Each February some of the same things are rolled out to teach kids about the history of Black people. Here are a few that are not widely taught.

Each Feb. 1 marks the beginning of celebration of Black academics, poets, politics, and activists’ contributions to American history. Evolving from Carter G. Woodson’s “Negro History Week,” Black History Month was officially recognized in 1976 to uplift the “too-often neglected accomplishment of Black Americans.” But just as long as there have been efforts to uplift Black history, there have been attempts to discredit and invalidate it as well.

Beginning this year, 14 states have signed provisions into law that restrict teachings of racial justice and Black contributions to American history. Under the guide of “anti-critical race theory legislation,” lawmakers are actively working to erase Black history from the classroom and manipulate a rewritten version of history.

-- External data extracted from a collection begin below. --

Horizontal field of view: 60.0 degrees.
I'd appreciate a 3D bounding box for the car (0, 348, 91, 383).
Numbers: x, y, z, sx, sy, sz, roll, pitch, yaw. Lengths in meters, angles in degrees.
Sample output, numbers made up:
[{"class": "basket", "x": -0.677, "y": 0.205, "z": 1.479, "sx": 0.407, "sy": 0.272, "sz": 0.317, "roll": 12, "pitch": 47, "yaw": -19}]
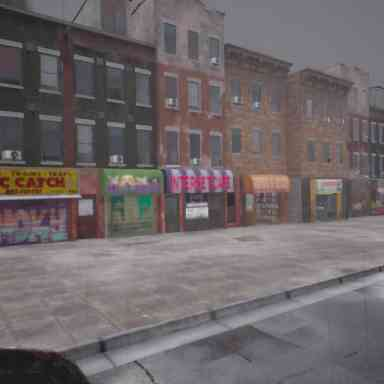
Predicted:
[{"class": "car", "x": -2.385, "y": 1.564, "z": 1.458, "sx": 4.181, "sy": 1.385, "sz": 1.994, "roll": 0, "pitch": 0, "yaw": -35}]
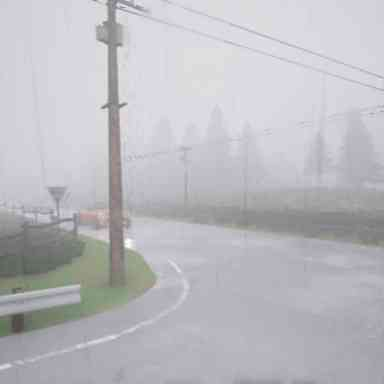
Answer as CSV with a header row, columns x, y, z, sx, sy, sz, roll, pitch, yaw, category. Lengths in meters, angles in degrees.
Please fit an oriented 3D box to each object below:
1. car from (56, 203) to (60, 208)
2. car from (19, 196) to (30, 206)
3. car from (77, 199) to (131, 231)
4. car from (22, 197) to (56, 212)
x,y,z,sx,sy,sz,roll,pitch,yaw,category
-19.627,1.556,45.186,1.895,1.301,4.718,-2,1,-39,car
-25.791,1.487,52.526,1.837,1.490,4.892,-2,1,-41,car
-5.633,1.339,20.983,2.097,1.767,4.553,-2,1,-36,car
-16.601,1.576,35.920,1.994,1.385,4.181,-2,1,-37,car

To honor our history and celebrate our communities we're highlighting 10 Black history facts typically hidden from school curricula:

  1. Kitchen Table: Women of Color Press was one of the first Black activist feminist publishing houses

    As one of the first and few Black women-run and activist feminist publishing houses, Kitchen Table: Women of Color Press was a pioneer in providing a spotlight on the work of women of color writers who had little opportunities provided by other publishing houses. Birthed from a conversation between Combahee River Collective co-founder Barbara Smith and her friend, poet Audre Lorde, Kitchen Table was dedicated to reclaiming the narrative around women of color and being able to call the shots about its direction.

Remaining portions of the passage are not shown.